Directions —
Reproduce the entries word for word, and omit any picture you find in them.

Dataset entries —
Segment Open

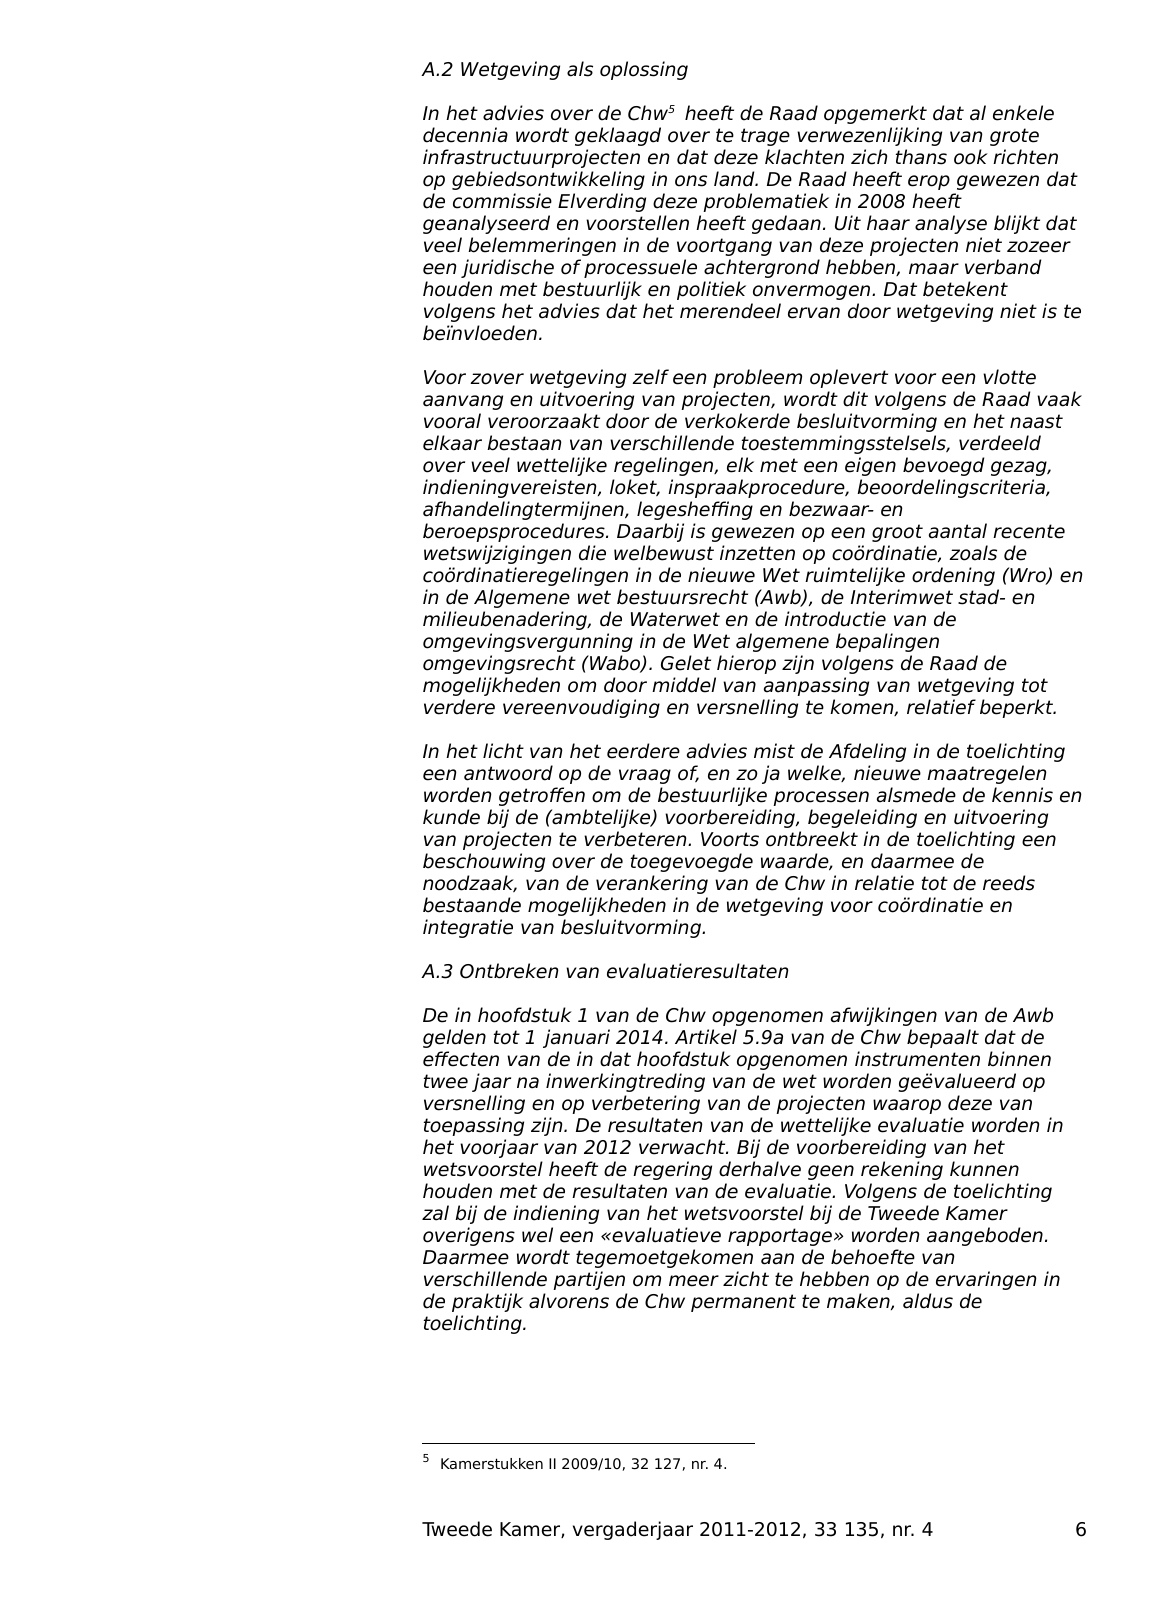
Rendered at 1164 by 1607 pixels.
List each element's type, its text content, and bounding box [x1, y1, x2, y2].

subtitle A.3 Ontbreken van evaluatieresultaten [422, 961, 1087, 983]
text In het advies over de Chw heeft de Raad opgemerkt dat al enkele decennia wordt geklaagd over te trage verwezenlijking van grote infrastructuurprojecten en dat deze klachten zich thans ook richten op gebiedsontwikkeling in ons land. De Raad heeft erop gewezen dat de commissie Elverding deze problematiek in 2008 heeft geanalyseerd en voorstellen heeft gedaan. Uit haar analyse blijkt dat veel belemmeringen in de voortgang van deze projecten niet zozeer een juridische of processuele achtergrond hebben, maar verband houden met bestuurlijk en politiek onvermogen. Dat betekent volgens het advies dat het merendeel ervan door wetgeving niet is te beïnvloeden. [422, 103, 1087, 345]
subtitle A.2 Wetgeving als oplossing [422, 59, 1087, 81]
text Kamerstukken II 2009/10, 32 127, nr. 4. [422, 1452, 1087, 1474]
text In het licht van het eerdere advies mist de Afdeling in de toelichting een antwoord op de vraag of, en zo ja welke, nieuwe maatregelen worden getroffen om de bestuurlijke processen alsmede de kennis en kunde bij de (ambtelijke) voorbereiding, begeleiding en uitvoering van projecten te verbeteren. Voorts ontbreekt in de toelichting een beschouwing over de toegevoegde waarde, en daarmee de noodzaak, van de verankering van de Chw in relatie tot de reeds bestaande mogelijkheden in de wetgeving voor coördinatie en integratie van besluitvorming. [422, 741, 1087, 939]
text Voor zover wetgeving zelf een probleem oplevert voor een vlotte aanvang en uitvoering van projecten, wordt dit volgens de Raad vaak vooral veroorzaakt door de verkokerde besluitvorming en het naast elkaar bestaan van verschillende toestemmingsstelsels, verdeeld over veel wettelijke regelingen, elk met een eigen bevoegd gezag, indieningvereisten, loket, inspraakprocedure, beoordelingscriteria, afhandelingtermijnen, legesheffing en bezwaar- en beroepsprocedures. Daarbij is gewezen op een groot aantal recente wetswijzigingen die welbewust inzetten op coördinatie, zoals de coördinatieregelingen in de nieuwe Wet ruimtelijke ordening (Wro) en in de Algemene wet bestuursrecht (Awb), de Interimwet stad- en milieubenadering, de Waterwet en de introductie van de omgevingsvergunning in de Wet algemene bepalingen omgevingsrecht (Wabo). Gelet hierop zijn volgens de Raad de mogelijkheden om door middel van aanpassing van wetgeving tot verdere vereenvoudiging en versnelling te komen, relatief beperkt. [422, 367, 1087, 719]
text De in hoofdstuk 1 van de Chw opgenomen afwijkingen van de Awb gelden tot 1 januari 2014. Artikel 5.9a van de Chw bepaalt dat de effecten van de in dat hoofdstuk opgenomen instrumenten binnen twee jaar na inwerkingtreding van de wet worden geëvalueerd op versnelling en op verbetering van de projecten waarop deze van toepassing zijn. De resultaten van de wettelijke evaluatie worden in het voorjaar van 2012 verwacht. Bij de voorbereiding van het wetsvoorstel heeft de regering derhalve geen rekening kunnen houden met de resultaten van de evaluatie. Volgens de toelichting zal bij de indiening van het wetsvoorstel bij de Tweede Kamer overigens wel een «evaluatieve rapportage» worden aangeboden. Daarmee wordt tegemoetgekomen aan de behoefte van verschillende partijen om meer zicht te hebben op de ervaringen in de praktijk alvorens de Chw permanent te maken, aldus de toelichting. [422, 1005, 1087, 1335]
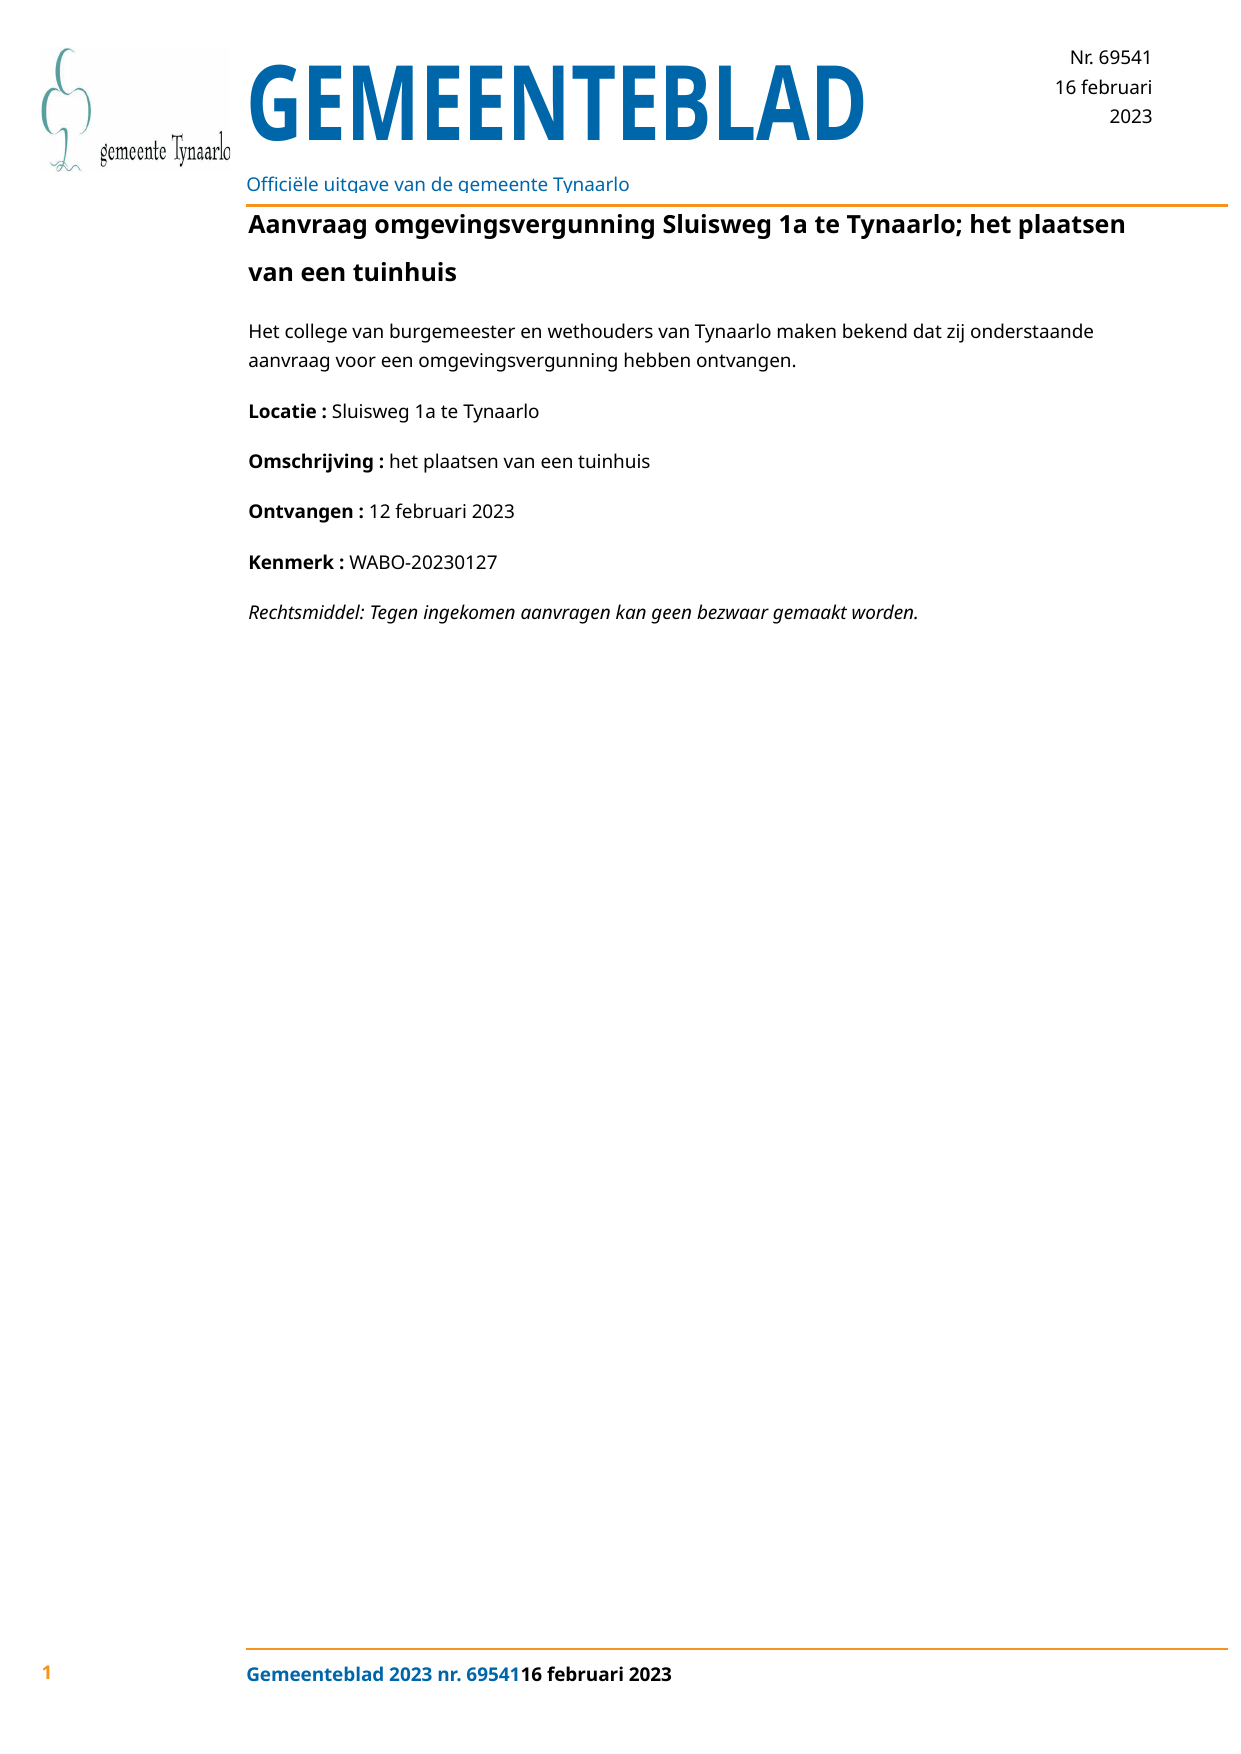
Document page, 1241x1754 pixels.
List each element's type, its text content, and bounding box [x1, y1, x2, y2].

picture [41, 47, 231, 172]
text Rechtsmiddel: Tegen ingekomen aanvragen kan geen bezwaar gemaakt worden. [248, 599, 1152, 625]
text Locatie : Sluisweg 1a te Tynaarlo [248, 398, 1152, 424]
text Ontvangen : 12 februari 2023 [248, 499, 1152, 524]
text Het college van burgemeester en wethouders van Tynaarlo maken bekend dat zij onderstaande aanvraag voor een omgevingsvergunning hebben ontvangen. [248, 318, 1152, 373]
text Aanvraag omgevingsvergunning Sluisweg 1a te Tynaarlo; het plaatsen van een tuinhuis [248, 207, 1152, 288]
text Omschrijving : het plaatsen van een tuinhuis [248, 448, 1152, 474]
text Kenmerk : WABO-20230127 [248, 549, 1152, 575]

Segment Closed

Completed task —
Rendered at 1164 by 1607 pixels.
List each element's type, its text content, and bounding box [x1, y1, x2, y2].

subtitle A.3 Ontbreken van evaluatieresultaten [422, 961, 1087, 983]
text In het advies over de Chw heeft de Raad opgemerkt dat al enkele decennia wordt geklaagd over te trage verwezenlijking van grote infrastructuurprojecten en dat deze klachten zich thans ook richten op gebiedsontwikkeling in ons land. De Raad heeft erop gewezen dat de commissie Elverding deze problematiek in 2008 heeft geanalyseerd en voorstellen heeft gedaan. Uit haar analyse blijkt dat veel belemmeringen in de voortgang van deze projecten niet zozeer een juridische of processuele achtergrond hebben, maar verband houden met bestuurlijk en politiek onvermogen. Dat betekent volgens het advies dat het merendeel ervan door wetgeving niet is te beïnvloeden. [422, 103, 1087, 345]
subtitle A.2 Wetgeving als oplossing [422, 59, 1087, 81]
text Kamerstukken II 2009/10, 32 127, nr. 4. [422, 1452, 1087, 1474]
text In het licht van het eerdere advies mist de Afdeling in de toelichting een antwoord op de vraag of, en zo ja welke, nieuwe maatregelen worden getroffen om de bestuurlijke processen alsmede de kennis en kunde bij de (ambtelijke) voorbereiding, begeleiding en uitvoering van projecten te verbeteren. Voorts ontbreekt in de toelichting een beschouwing over de toegevoegde waarde, en daarmee de noodzaak, van de verankering van de Chw in relatie tot de reeds bestaande mogelijkheden in de wetgeving voor coördinatie en integratie van besluitvorming. [422, 741, 1087, 939]
text Voor zover wetgeving zelf een probleem oplevert voor een vlotte aanvang en uitvoering van projecten, wordt dit volgens de Raad vaak vooral veroorzaakt door de verkokerde besluitvorming en het naast elkaar bestaan van verschillende toestemmingsstelsels, verdeeld over veel wettelijke regelingen, elk met een eigen bevoegd gezag, indieningvereisten, loket, inspraakprocedure, beoordelingscriteria, afhandelingtermijnen, legesheffing en bezwaar- en beroepsprocedures. Daarbij is gewezen op een groot aantal recente wetswijzigingen die welbewust inzetten op coördinatie, zoals de coördinatieregelingen in de nieuwe Wet ruimtelijke ordening (Wro) en in de Algemene wet bestuursrecht (Awb), de Interimwet stad- en milieubenadering, de Waterwet en de introductie van de omgevingsvergunning in de Wet algemene bepalingen omgevingsrecht (Wabo). Gelet hierop zijn volgens de Raad de mogelijkheden om door middel van aanpassing van wetgeving tot verdere vereenvoudiging en versnelling te komen, relatief beperkt. [422, 367, 1087, 719]
text De in hoofdstuk 1 van de Chw opgenomen afwijkingen van de Awb gelden tot 1 januari 2014. Artikel 5.9a van de Chw bepaalt dat de effecten van de in dat hoofdstuk opgenomen instrumenten binnen twee jaar na inwerkingtreding van de wet worden geëvalueerd op versnelling en op verbetering van de projecten waarop deze van toepassing zijn. De resultaten van de wettelijke evaluatie worden in het voorjaar van 2012 verwacht. Bij de voorbereiding van het wetsvoorstel heeft de regering derhalve geen rekening kunnen houden met de resultaten van de evaluatie. Volgens de toelichting zal bij de indiening van het wetsvoorstel bij de Tweede Kamer overigens wel een «evaluatieve rapportage» worden aangeboden. Daarmee wordt tegemoetgekomen aan de behoefte van verschillende partijen om meer zicht te hebben op de ervaringen in de praktijk alvorens de Chw permanent te maken, aldus de toelichting. [422, 1005, 1087, 1335]
Document page, 1241x1754 pixels.
List each element's type, its text content, and bounding box [x1, y1, x2, y2].

picture [41, 47, 231, 172]
text Rechtsmiddel: Tegen ingekomen aanvragen kan geen bezwaar gemaakt worden. [248, 599, 1152, 625]
text Locatie : Sluisweg 1a te Tynaarlo [248, 398, 1152, 424]
text Ontvangen : 12 februari 2023 [248, 499, 1152, 524]
text Het college van burgemeester en wethouders van Tynaarlo maken bekend dat zij onderstaande aanvraag voor een omgevingsvergunning hebben ontvangen. [248, 318, 1152, 373]
text Aanvraag omgevingsvergunning Sluisweg 1a te Tynaarlo; het plaatsen van een tuinhuis [248, 207, 1152, 288]
text Omschrijving : het plaatsen van een tuinhuis [248, 448, 1152, 474]
text Kenmerk : WABO-20230127 [248, 549, 1152, 575]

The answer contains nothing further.